La concelebrazione è, in senso strettamente sacramentale[1], la celebrazione comunitaria della Messa da parte di più detentori del potere sacerdotale, che pronunciano insieme le parole della consacrazione[2]. Nel suo senso primario ed elementare, "concelebrare" significa associarsi all'azione liturgica del celebrante principale[3].

Alla luce della natura del culto del Nuovo Testamento e della sua storia si può affermare che la concelebrazione dell'Eucaristia e più in generale dei Sacramenti, non soltanto è possibile, ma è il modo più originale e più tipico di celebrare il culto della Nuova Alleanza[3].

Nella storia della Chiesa

I primi tre secoli

I testi del Nuovo Testamento non autorizzano a fare alcuna affermazione a proposito della concelebrazione, anche se è verosimile che, ove si parla di un gruppo di presidenti a capo di una comunità, anche l'Eucaristia fosse da loro concelebrata.

Poco a ridosso del periodo neotestamentario, all'inizio del II secolo, negli scritti di Sant'Ignazio di Antiochia è attestata la presenza del Vescovo con il suo presbiterio alla testa della comunità e della celebrazione eucaristica:

« Procurate di partecipare ad un'unica Eucaristia; poiché una è la carne del Signore nostro Gesù Cristo, uno è il calice che ci unisce nel sangue di lui, uno è l'altare, come uno è il Vescovo, circondato dal collegio dei presbiteri e dai diaconi, miei compagni di ministero. In questa maniera tutto ciò che voi farete sarà fatto secondo la volontà di Dio»
(Lettera ai filadelfi, 4)

L'Eucaristia è qui un'azione della comunità e un'azione che fa la comunità; ognuno vi prende parte occupando il proprio posto e svolgendo la propria funzione. La stessa dottrina si trova in Clemente Romano[4].

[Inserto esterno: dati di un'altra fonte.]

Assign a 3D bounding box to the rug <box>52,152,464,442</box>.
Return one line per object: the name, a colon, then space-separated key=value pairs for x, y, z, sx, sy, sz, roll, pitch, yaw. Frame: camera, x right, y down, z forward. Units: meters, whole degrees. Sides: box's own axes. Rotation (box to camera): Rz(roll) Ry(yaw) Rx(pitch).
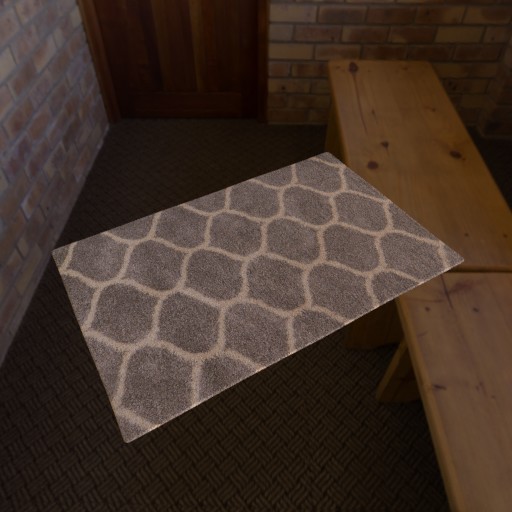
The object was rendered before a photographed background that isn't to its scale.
rug: x=0.000 y=0.000 z=2.980 sx=2.348 sy=0.025 sz=1.501 roll=-23 pitch=51 yaw=-21
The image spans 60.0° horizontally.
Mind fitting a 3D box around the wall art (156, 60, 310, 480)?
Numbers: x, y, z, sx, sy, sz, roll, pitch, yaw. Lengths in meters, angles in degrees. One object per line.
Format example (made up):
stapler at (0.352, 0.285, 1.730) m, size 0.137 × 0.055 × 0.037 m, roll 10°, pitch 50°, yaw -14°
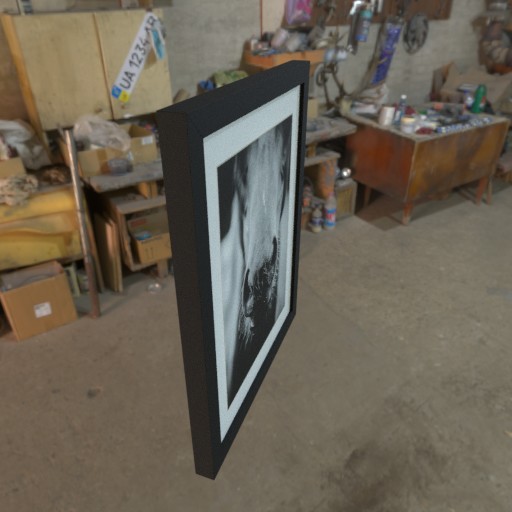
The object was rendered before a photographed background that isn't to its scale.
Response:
wall art at (0.000, 0.000, 0.537) m, size 0.024 × 0.404 × 0.329 m, roll 11°, pitch 32°, yaw 18°

All'inizio del III secolo Ippolito di Roma parla di una celebrazione comune dell'Eucaristia, nella quale più sacerdoti con un'azione comune celebrano un unico sacrificio: i presbiteri stendono tutti le mani sulle oblate, anche se la Preghiera Eucaristica, pronunciata liberamente sotto ispirazione personale, è riservata al Vescovo che presiede[5]. Si pensa comunemente[3] che questa concelebrazione attuata con gesti collettivi e silenziosa, in cui cioè i concelebranti non recitano insieme la Preghiera Eucaristica, sia stata la forma originaria, sia a Roma che nelle Chiese Orientali; queste ultime hanno conservato tale modalità fino ad oggi, anche se lo applicano in modi diversi[6]

I secoli dal IV al VI

In quest'epoca vengono fissati i primi formulari per la celebrazione eucaristica; diverse cause favoriscono il moltiplicarsi delle Messe e di conseguenza la concelebrazione nella sua forma primitiva perde via via d'importanza.

All'inizio del V secolo si riscontra a Roma il rito del fermentum: ogni domenica il papa invia ai sacerdoti cui sono affidate le chiese dette tituli delle particelle del pane da lui consacrato nel corso della sua Messa; poiché in quel giorno i sacerdoti non possono riunirsi a lui, dovendo celebrare nelle proprie chiese, mettono nel calice la particella ricevuta[7]. Il rito, che sparirà poi nel corso del VII secolo, esprime l'ideale primitivo dell'unica Eucaristia in seno ad una comunità riunita attorno al suo pastore.

La celebrazione comune dell'Eucaristia a Roma è testimoniata anche da una notizia riportata nel Liber Pontificalis, che si riferisce ad usi dei secoli V e VI: i ministri sorreggono le patene, mentre i sacerdoti stanno in piedi davanti al Vescovo allorché egli celebra la Messa; alla fine essi ricevono la Comunione eucaristica dalle sue mani per distribuirla ai fedeli[8]. Questa testimonianza attesta che il clero romano che non era impegnato nei tituli parrocchiali prendeva parte all'unica Eucaristia del papa.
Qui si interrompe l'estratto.